> **PROMPT**
Every line below between the line holding "ImGui_ImplOpenGL2_RenderDrawData(ImGui::GetDrawData());" and the line holding "glutInitWindowSize(1280, 720);", inclusive, should be repeated exactly, and all other lines omitted.

(Records drawn from a dataset)
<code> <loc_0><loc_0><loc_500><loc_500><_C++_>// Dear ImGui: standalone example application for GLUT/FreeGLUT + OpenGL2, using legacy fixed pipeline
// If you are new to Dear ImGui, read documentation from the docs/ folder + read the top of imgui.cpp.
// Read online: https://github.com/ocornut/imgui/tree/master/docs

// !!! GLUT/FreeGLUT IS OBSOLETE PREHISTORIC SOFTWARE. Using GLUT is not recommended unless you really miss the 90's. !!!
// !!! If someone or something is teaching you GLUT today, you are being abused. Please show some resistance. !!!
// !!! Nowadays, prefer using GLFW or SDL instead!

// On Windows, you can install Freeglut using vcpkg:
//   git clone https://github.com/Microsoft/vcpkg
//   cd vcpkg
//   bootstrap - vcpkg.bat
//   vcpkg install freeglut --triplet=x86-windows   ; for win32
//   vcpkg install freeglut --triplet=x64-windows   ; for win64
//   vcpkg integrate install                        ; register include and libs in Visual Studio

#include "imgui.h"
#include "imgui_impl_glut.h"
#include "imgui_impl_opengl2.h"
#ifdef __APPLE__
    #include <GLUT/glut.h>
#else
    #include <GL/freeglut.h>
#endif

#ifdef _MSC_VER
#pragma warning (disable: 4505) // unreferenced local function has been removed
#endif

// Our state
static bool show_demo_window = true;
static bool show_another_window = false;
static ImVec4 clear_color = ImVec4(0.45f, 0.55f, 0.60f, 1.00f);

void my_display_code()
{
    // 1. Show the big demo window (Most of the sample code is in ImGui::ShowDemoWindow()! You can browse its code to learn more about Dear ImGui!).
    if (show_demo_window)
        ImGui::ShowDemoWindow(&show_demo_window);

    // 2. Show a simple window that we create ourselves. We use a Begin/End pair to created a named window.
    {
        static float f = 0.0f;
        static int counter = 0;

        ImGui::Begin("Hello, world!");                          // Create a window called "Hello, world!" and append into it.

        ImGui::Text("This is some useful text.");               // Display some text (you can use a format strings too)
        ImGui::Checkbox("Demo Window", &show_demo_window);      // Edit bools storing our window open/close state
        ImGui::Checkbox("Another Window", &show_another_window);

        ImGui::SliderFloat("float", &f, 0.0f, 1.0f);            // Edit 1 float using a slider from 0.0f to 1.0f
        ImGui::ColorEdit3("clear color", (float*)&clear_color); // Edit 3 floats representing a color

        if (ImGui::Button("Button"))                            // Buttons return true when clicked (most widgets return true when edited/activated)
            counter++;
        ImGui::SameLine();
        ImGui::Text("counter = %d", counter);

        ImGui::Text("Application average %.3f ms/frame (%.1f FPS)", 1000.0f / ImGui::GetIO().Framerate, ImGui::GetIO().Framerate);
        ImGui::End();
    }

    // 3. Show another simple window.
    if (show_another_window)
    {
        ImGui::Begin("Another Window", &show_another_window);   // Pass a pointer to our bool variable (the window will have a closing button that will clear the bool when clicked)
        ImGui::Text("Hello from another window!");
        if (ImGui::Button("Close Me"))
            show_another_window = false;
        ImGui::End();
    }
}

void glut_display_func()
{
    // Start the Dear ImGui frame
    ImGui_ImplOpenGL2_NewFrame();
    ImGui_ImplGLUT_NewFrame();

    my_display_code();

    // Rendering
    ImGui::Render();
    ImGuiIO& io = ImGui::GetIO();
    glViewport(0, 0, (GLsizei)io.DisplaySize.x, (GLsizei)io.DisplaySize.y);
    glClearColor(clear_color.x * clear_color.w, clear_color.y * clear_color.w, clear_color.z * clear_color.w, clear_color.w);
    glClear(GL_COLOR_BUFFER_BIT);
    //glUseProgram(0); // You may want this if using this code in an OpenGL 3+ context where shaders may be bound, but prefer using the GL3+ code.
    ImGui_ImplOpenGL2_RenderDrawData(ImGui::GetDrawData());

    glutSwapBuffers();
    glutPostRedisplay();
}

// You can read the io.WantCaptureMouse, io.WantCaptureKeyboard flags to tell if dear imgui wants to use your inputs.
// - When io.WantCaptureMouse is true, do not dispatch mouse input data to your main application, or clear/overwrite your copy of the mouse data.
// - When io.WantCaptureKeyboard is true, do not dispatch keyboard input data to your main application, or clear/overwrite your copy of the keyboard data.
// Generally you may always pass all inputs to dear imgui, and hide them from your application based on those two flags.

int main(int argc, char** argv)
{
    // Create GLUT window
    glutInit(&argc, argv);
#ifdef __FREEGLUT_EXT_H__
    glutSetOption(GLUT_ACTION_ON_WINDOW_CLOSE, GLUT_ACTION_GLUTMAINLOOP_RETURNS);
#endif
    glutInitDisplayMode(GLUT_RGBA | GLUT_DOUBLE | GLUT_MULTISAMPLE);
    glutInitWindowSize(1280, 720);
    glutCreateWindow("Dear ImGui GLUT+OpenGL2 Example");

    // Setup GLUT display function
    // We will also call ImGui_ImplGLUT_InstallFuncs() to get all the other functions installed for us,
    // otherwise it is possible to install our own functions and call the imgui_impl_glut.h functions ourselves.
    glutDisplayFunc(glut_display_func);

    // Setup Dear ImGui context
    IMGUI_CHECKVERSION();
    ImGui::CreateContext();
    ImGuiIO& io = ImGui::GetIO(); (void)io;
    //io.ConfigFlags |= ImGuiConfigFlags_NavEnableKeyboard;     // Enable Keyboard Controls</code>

> **ANSWER TO THIS EXERCISE**
    ImGui_ImplOpenGL2_RenderDrawData(ImGui::GetDrawData());

    glutSwapBuffers();
    glutPostRedisplay();
}

// You can read the io.WantCaptureMouse, io.WantCaptureKeyboard flags to tell if dear imgui wants to use your inputs.
// - When io.WantCaptureMouse is true, do not dispatch mouse input data to your main application, or clear/overwrite your copy of the mouse data.
// - When io.WantCaptureKeyboard is true, do not dispatch keyboard input data to your main application, or clear/overwrite your copy of the keyboard data.
// Generally you may always pass all inputs to dear imgui, and hide them from your application based on those two flags.

int main(int argc, char** argv)
{
    // Create GLUT window
    glutInit(&argc, argv);
#ifdef __FREEGLUT_EXT_H__
    glutSetOption(GLUT_ACTION_ON_WINDOW_CLOSE, GLUT_ACTION_GLUTMAINLOOP_RETURNS);
#endif
    glutInitDisplayMode(GLUT_RGBA | GLUT_DOUBLE | GLUT_MULTISAMPLE);
    glutInitWindowSize(1280, 720);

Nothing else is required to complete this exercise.